🤖 AI Summary
Current vision-language models (VLMs) are constrained by chain-of-thought reasoning paradigms in complex multimodal tasks, resulting in verbose outputs and poor generalization. This work proposes a topology-aware training framework that transcends linear reasoning limitations, enabling diverse reasoning structures—including tree- and graph-based topologies. Our core contributions are: (1) TopoAug, a topology-guided data augmentation strategy that synthesizes structured multimodal reasoning paths; and (2) Frugal Learning, a lightweight learning mechanism jointly optimizing inference efficiency and accuracy. Leveraging synergistic optimization across synthetic data generation, supervised fine-tuning, and reinforcement learning, the framework achieves efficient multimodal reasoning alignment.

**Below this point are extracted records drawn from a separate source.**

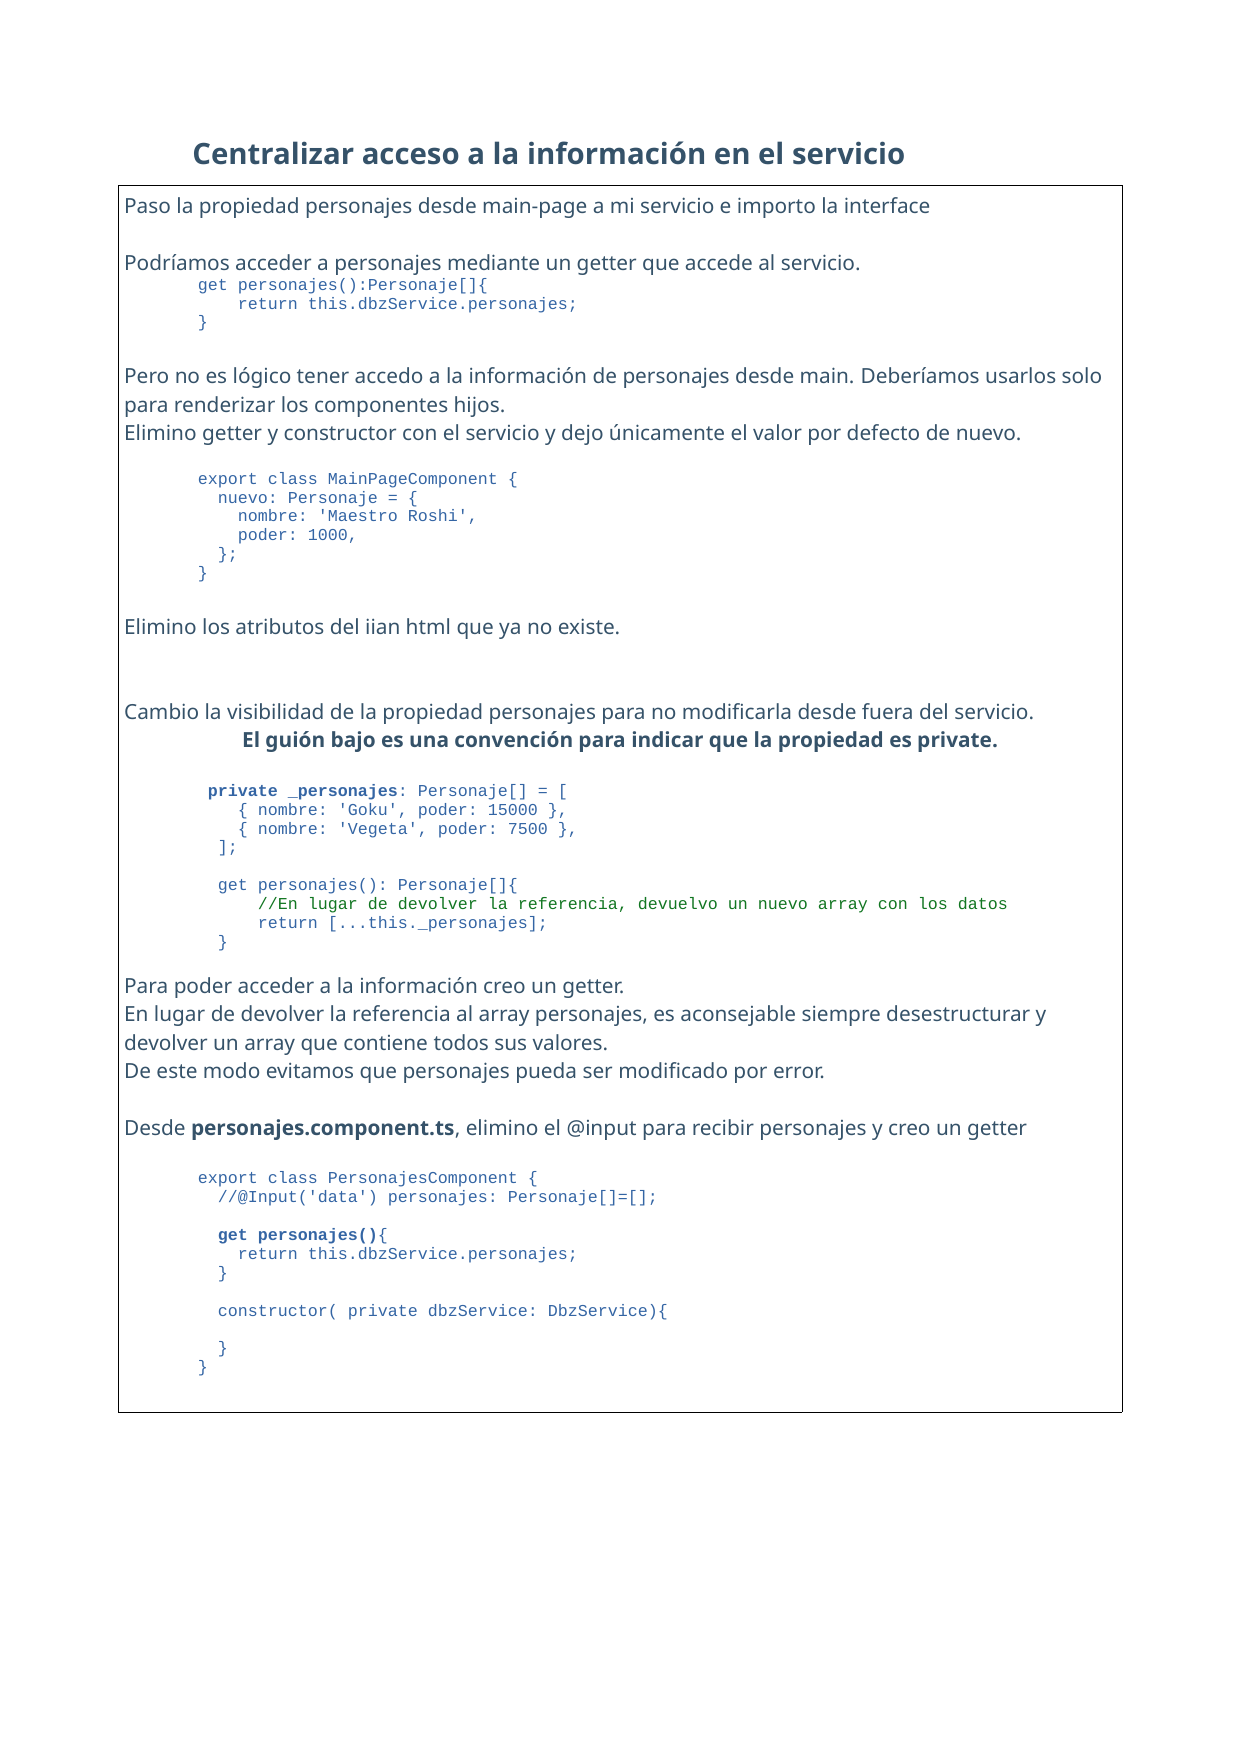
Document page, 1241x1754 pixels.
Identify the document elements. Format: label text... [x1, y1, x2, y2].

subtitle Centralizar acceso a la información en el servicio [118, 133, 1122, 173]
table_header Paso la propiedad personajes desde main-page a mi servicio e importo la interface Podríamos acceder a personajes mediante un getter que accede al servicio. get personajes():Personaje[]{ return this.dbzService.personajes; } Pero no es lógico tener accedo a la información de personajes desde main. Deberíamos usarlos solo para renderizar los componentes hijos. Elimino getter y constructor con el servicio y dejo únicamente el valor por defecto de nuevo. export class MainPageComponent { nuevo: Personaje = { nombre: 'Maestro Roshi', poder: 1000, }; } Elimino los atributos del iian html que ya no existe. Cambio la visibilidad de la propiedad personajes para no modificarla desde fuera del servicio. El guión bajo es una convención para indicar que la propiedad es private. private _personajes: Personaje[] = [ { nombre: 'Goku', poder: 15000 }, { nombre: 'Vegeta', poder: 7500 }, ]; get personajes(): Personaje[]{ //En lugar de devolver la referencia, devuelvo un nuevo array con los datos return [...this._personajes]; } Para poder acceder a la información creo un getter. En lugar de devolver la referencia al array personajes, es aconsejable siempre desestructurar y devolver un array que contiene todos sus valores. De este modo evitamos que personajes pueda ser modificado por error. Desde personajes.component.ts, elimino el @input para recibir personajes y creo un getter export class PersonajesComponent { //@Input('data') personajes: Personaje[]=[]; get personajes(){ return this.dbzService.personajes; } constructor( private dbzService: DbzService){ } } [119, 186, 1122, 1412]
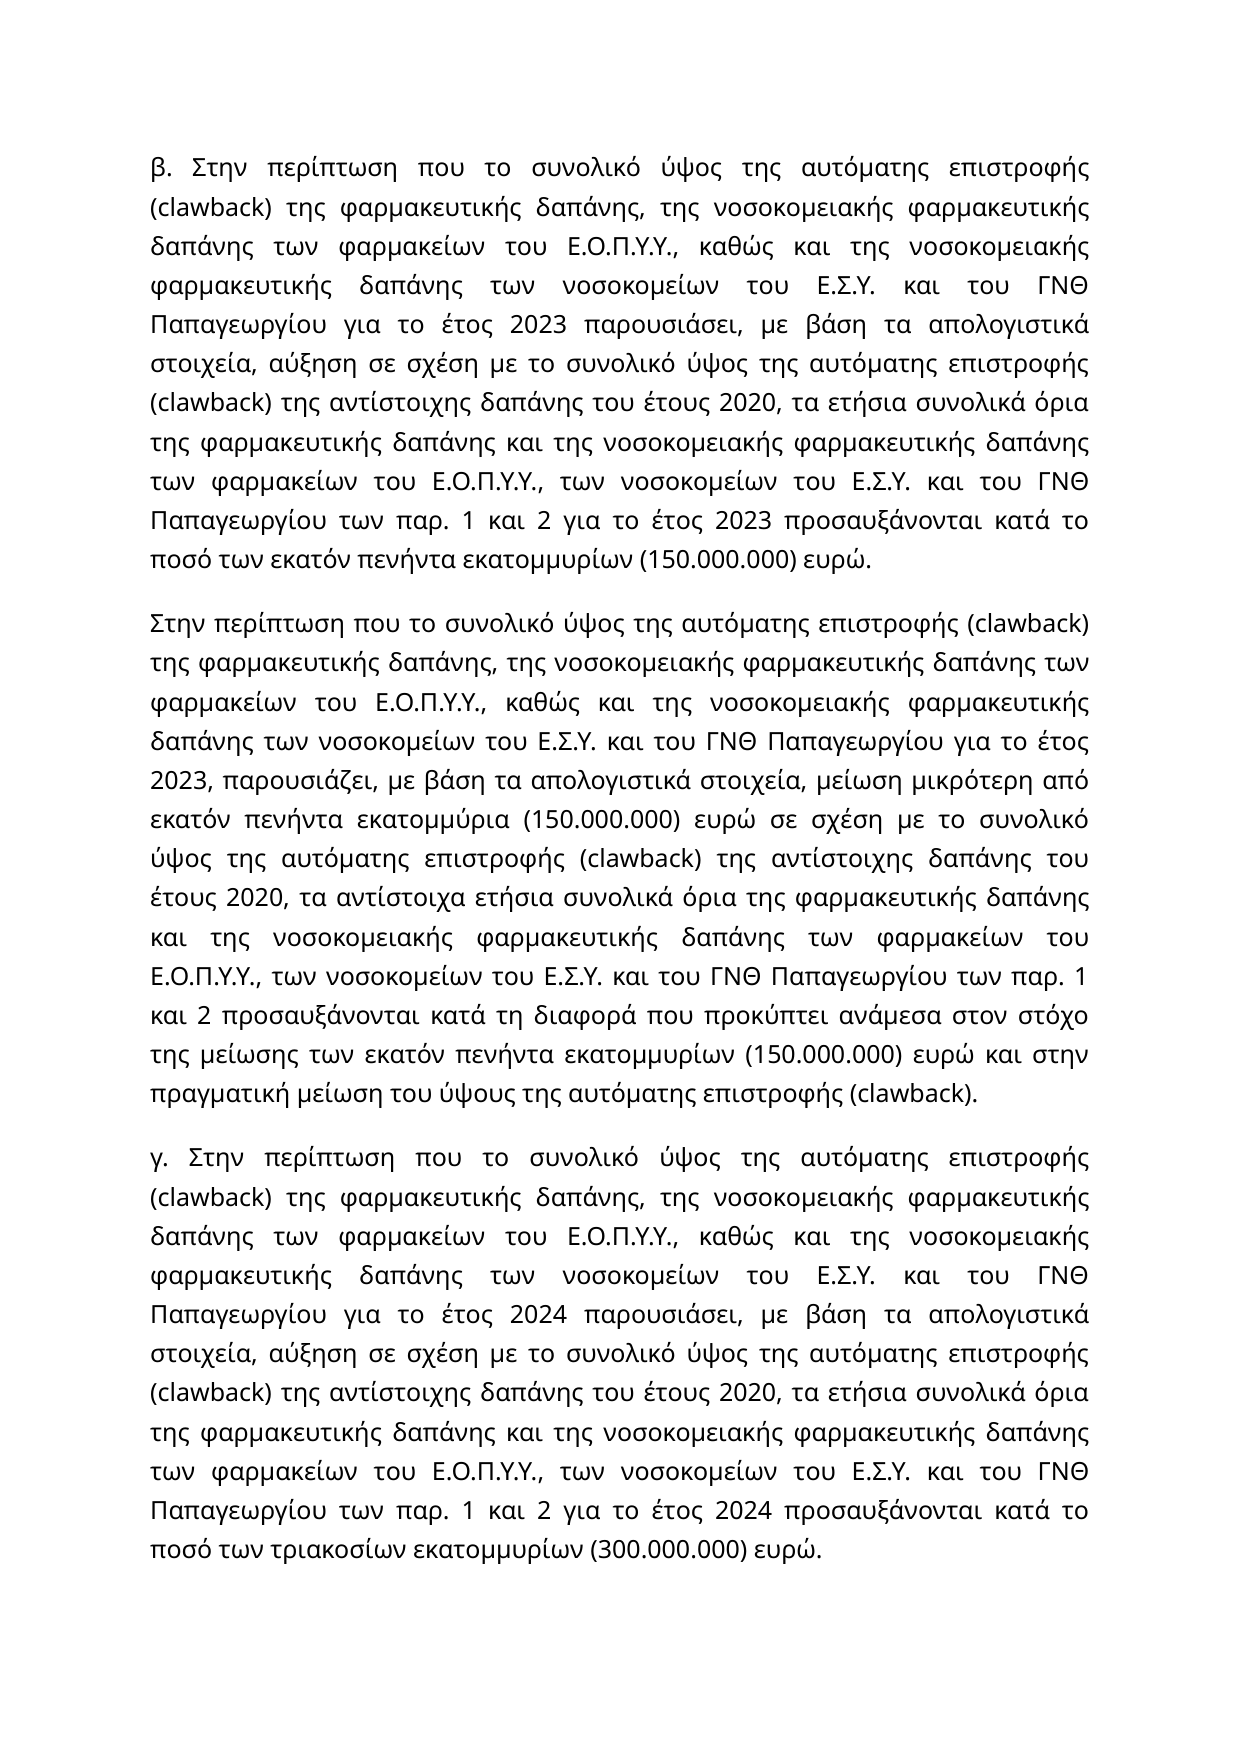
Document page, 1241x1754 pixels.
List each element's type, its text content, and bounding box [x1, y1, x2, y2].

text Στην περίπτωση που το συνολικό ύψος της αυτόματης επιστροφής (clawback) της φαρμακευτικής δαπάνης, της νοσοκομειακής φαρμακευτικής δαπάνης των φαρμακείων του Ε.Ο.Π.Υ.Υ., καθώς και της νοσοκομειακής φαρμακευτικής δαπάνης των νοσοκομείων του Ε.Σ.Υ. και του ΓΝΘ Παπαγεωργίου για το έτος 2023, παρουσιάζει, με βάση τα απολογιστικά στοιχεία, μείωση μικρότερη από εκατόν πενήντα εκατομμύρια (150.000.000) ευρώ σε σχέση με το συνολικό ύψος της αυτόματης επιστροφής (clawback) της αντίστοιχης δαπάνης του έτους 2020, τα αντίστοιχα ετήσια συνολικά όρια της φαρμακευτικής δαπάνης και της νοσοκομειακής φαρμακευτικής δαπάνης των φαρμακείων του Ε.Ο.Π.Υ.Υ., των νοσοκομείων του Ε.Σ.Υ. και του ΓΝΘ Παπαγεωργίου των παρ. 1 και 2 προσαυξάνονται κατά τη διαφορά που προκύπτει ανάμεσα στον στόχο της μείωσης των εκατόν πενήντα εκατομμυρίων (150.000.000) ευρώ και στην πραγματική μείωση του ύψους της αυτόματης επιστροφής (clawback). [150, 606, 1090, 1110]
text γ. Στην περίπτωση που το συνολικό ύψος της αυτόματης επιστροφής (clawback) της φαρμακευτικής δαπάνης, της νοσοκομειακής φαρμακευτικής δαπάνης των φαρμακείων του Ε.Ο.Π.Υ.Υ., καθώς και της νοσοκομειακής φαρμακευτικής δαπάνης των νοσοκομείων του Ε.Σ.Υ. και του ΓΝΘ Παπαγεωργίου για το έτος 2024 παρουσιάσει, με βάση τα απολογιστικά στοιχεία, αύξηση σε σχέση με το συνολικό ύψος της αυτόματης επιστροφής (clawback) της αντίστοιχης δαπάνης του έτους 2020, τα ετήσια συνολικά όρια της φαρμακευτικής δαπάνης και της νοσοκομειακής φαρμακευτικής δαπάνης των φαρμακείων του Ε.Ο.Π.Υ.Υ., των νοσοκομείων του Ε.Σ.Υ. και του ΓΝΘ Παπαγεωργίου των παρ. 1 και 2 για το έτος 2024 προσαυξάνονται κατά το ποσό των τριακοσίων εκατομμυρίων (300.000.000) ευρώ. [150, 1140, 1090, 1566]
text β. Στην περίπτωση που το συνολικό ύψος της αυτόματης επιστροφής (clawback) της φαρμακευτικής δαπάνης, της νοσοκομειακής φαρμακευτικής δαπάνης των φαρμακείων του Ε.Ο.Π.Υ.Υ., καθώς και της νοσοκομειακής φαρμακευτικής δαπάνης των νοσοκομείων του Ε.Σ.Υ. και του ΓΝΘ Παπαγεωργίου για το έτος 2023 παρουσιάσει, με βάση τα απολογιστικά στοιχεία, αύξηση σε σχέση με το συνολικό ύψος της αυτόματης επιστροφής (clawback) της αντίστοιχης δαπάνης του έτους 2020, τα ετήσια συνολικά όρια της φαρμακευτικής δαπάνης και της νοσοκομειακής φαρμακευτικής δαπάνης των φαρμακείων του Ε.Ο.Π.Υ.Υ., των νοσοκομείων του Ε.Σ.Υ. και του ΓΝΘ Παπαγεωργίου των παρ. 1 και 2 για το έτος 2023 προσαυξάνονται κατά το ποσό των εκατόν πενήντα εκατομμυρίων (150.000.000) ευρώ. [150, 150, 1090, 576]
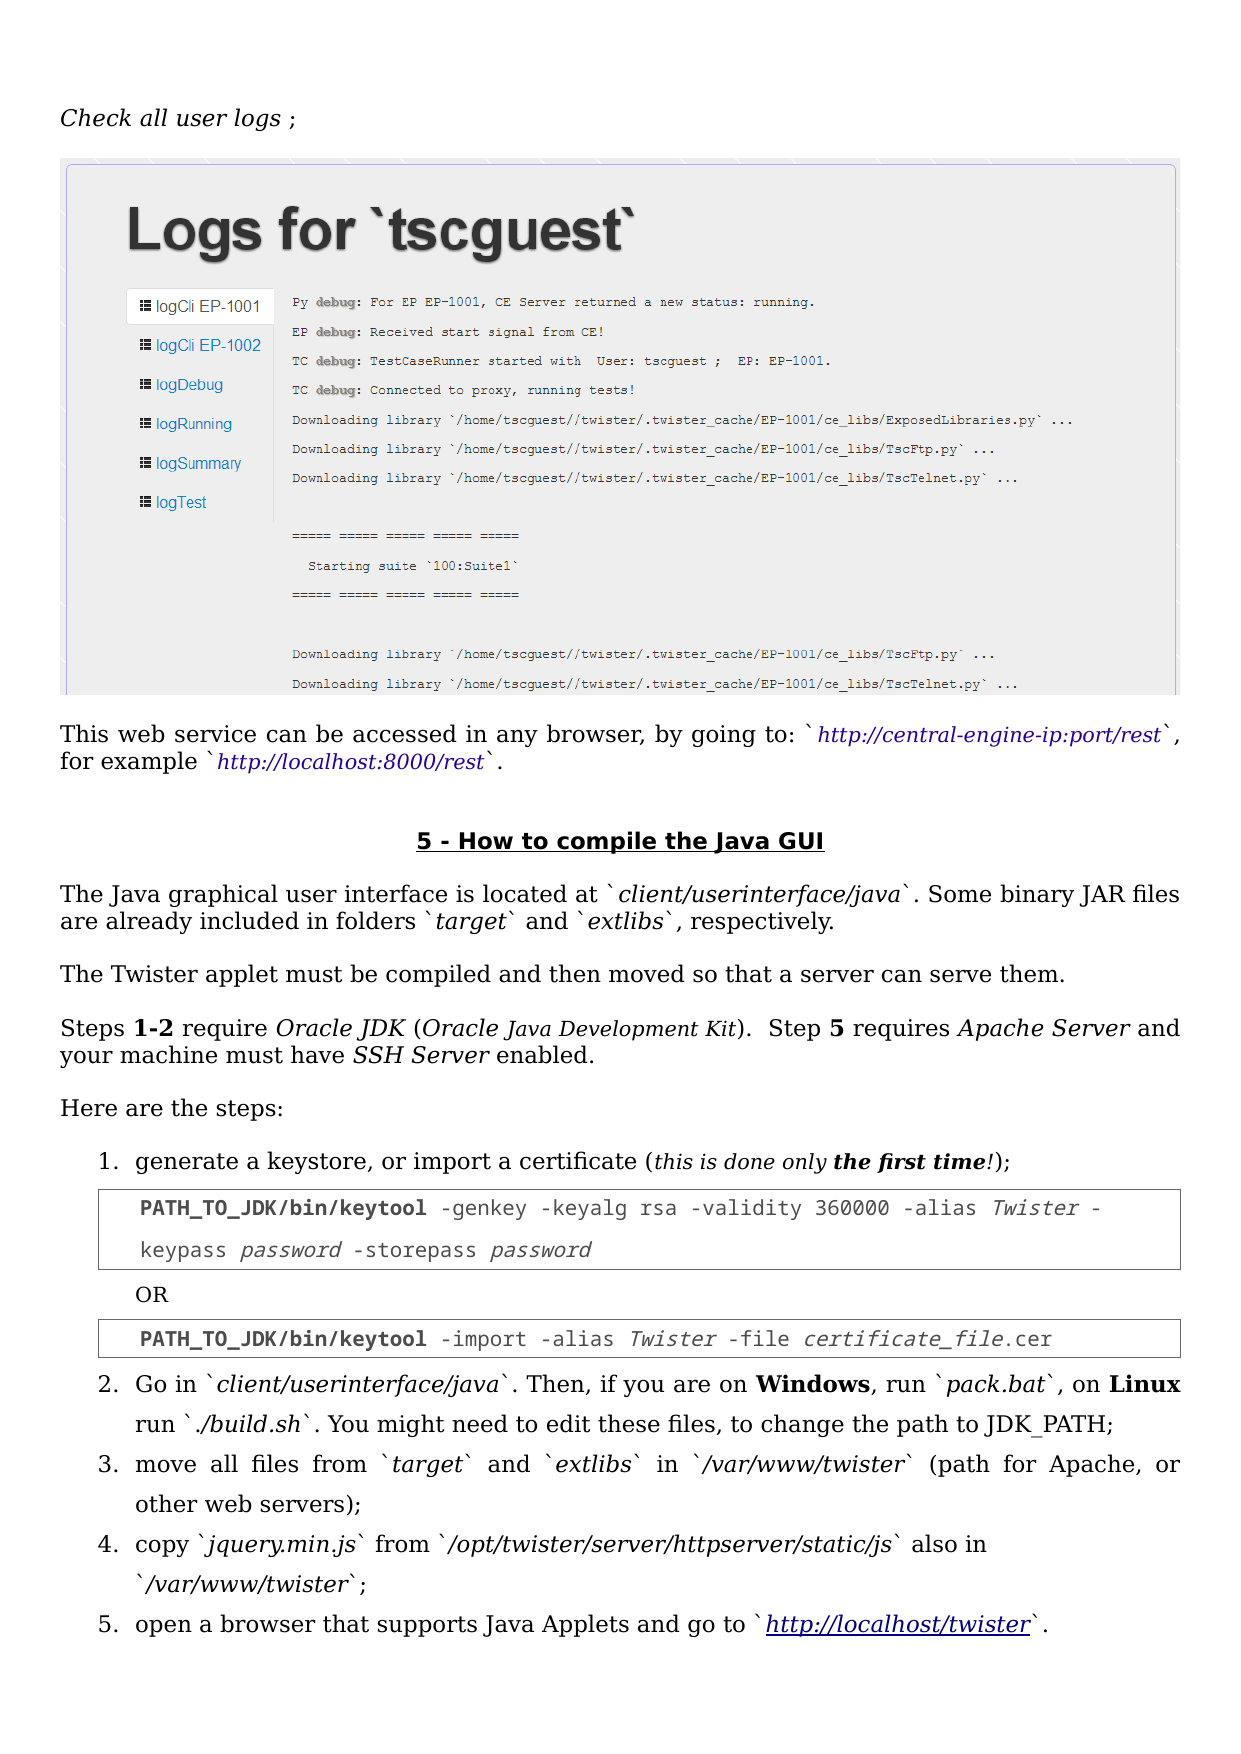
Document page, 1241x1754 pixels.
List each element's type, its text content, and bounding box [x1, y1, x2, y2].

text The Twister applet must be compiled and then moved so that a server can serve them. [60, 961, 1181, 988]
list Go in `client/userinterface/java`. Then, if you are on Windows, run `pack.bat`, on Linux run `./build.sh`. You might need to edit these files, to change the path to JDK_PATH; [97, 1371, 1181, 1438]
text Steps 1-2 require Oracle JDK (Oracle Java Development Kit). Step 5 requires Apache Server and your machine must have SSH Server enabled. [60, 1015, 1181, 1068]
text Here are the steps: [60, 1095, 1181, 1122]
picture [60, 158, 1181, 695]
list PATH_TO_JDK/bin/keytool -import -alias Twister -file certificate_file.cer [99, 1320, 1180, 1357]
text This web service can be accessed in any browser, by going to: `http://central-engine-ip:port/rest`, for example `http://localhost:8000/rest`. [60, 721, 1181, 774]
text The Java graphical user interface is located at `client/userinterface/java`. Some binary JAR files are already included in folders `target` and `extlibs`, respectively. [60, 881, 1181, 934]
list move all files from `target` and `extlibs` in `/var/www/twister` (path for Apache, or other web servers); [97, 1451, 1181, 1518]
text Check all user logs ; [60, 105, 1181, 132]
list OR [97, 1283, 1181, 1307]
list copy `jquery.min.js` from `/opt/twister/server/httpserver/static/js` also in `/var/www/twister`; [97, 1531, 1181, 1598]
text 5 - How to compile the Java GUI [60, 828, 1181, 854]
list generate a keystore, or import a certificate (this is done only the first time!); [97, 1148, 1181, 1175]
list open a browser that supports Java Applets and go to `http://localhost/twister`. [97, 1611, 1181, 1638]
list PATH_TO_JDK/bin/keytool -genkey -keyalg rsa -validity 360000 -alias Twister -keypass password -storepass password [99, 1190, 1180, 1269]

Experiments demonstrate state-of-the-art performance: +9.7% over baselines on MATH-V and +7.3% over Qwen2VL-72B-Instruct on VLM-S2H; up to +28.4% improvement over Phi-4-Multimodal-Instruct on five out-of-distribution benchmarks; and significant output length compression.
📝 Abstract
Vision-language models (VLMs) have made significant strides in reasoning, yet they often struggle with complex multimodal tasks and tend to generate overly verbose outputs. A key limitation is their reliance on chain-of-thought (CoT) reasoning, despite many tasks benefiting from alternative topologies like trees or graphs. To address this, we introduce STELAR-Vision, a training framework for topology-aware reasoning. At its core is TopoAug, a synthetic data pipeline that enriches training with diverse topological structures. Using supervised fine-tuning and reinforcement learning, we post-train Qwen2VL models with both accuracy and efficiency in mind. Additionally, we propose Frugal Learning, which reduces output length with minimal accuracy loss. On MATH-V and VLM-S2H, STELAR-Vision improves accuracy by 9.7% over its base model and surpasses the larger Qwen2VL-72B-Instruct by 7.3%. On five out-of-distribution benchmarks, it outperforms Phi-4-Multimodal-Instruct by up to 28.4% and LLaMA-3.2-11B-Vision-Instruct by up to 13.2%, demonstrating strong generalization. Compared to Chain-Only training, our approach achieves 4.3% higher overall accuracy on in-distribution datasets and consistently outperforms across all OOD benchmarks. We have released datasets, and code will be available.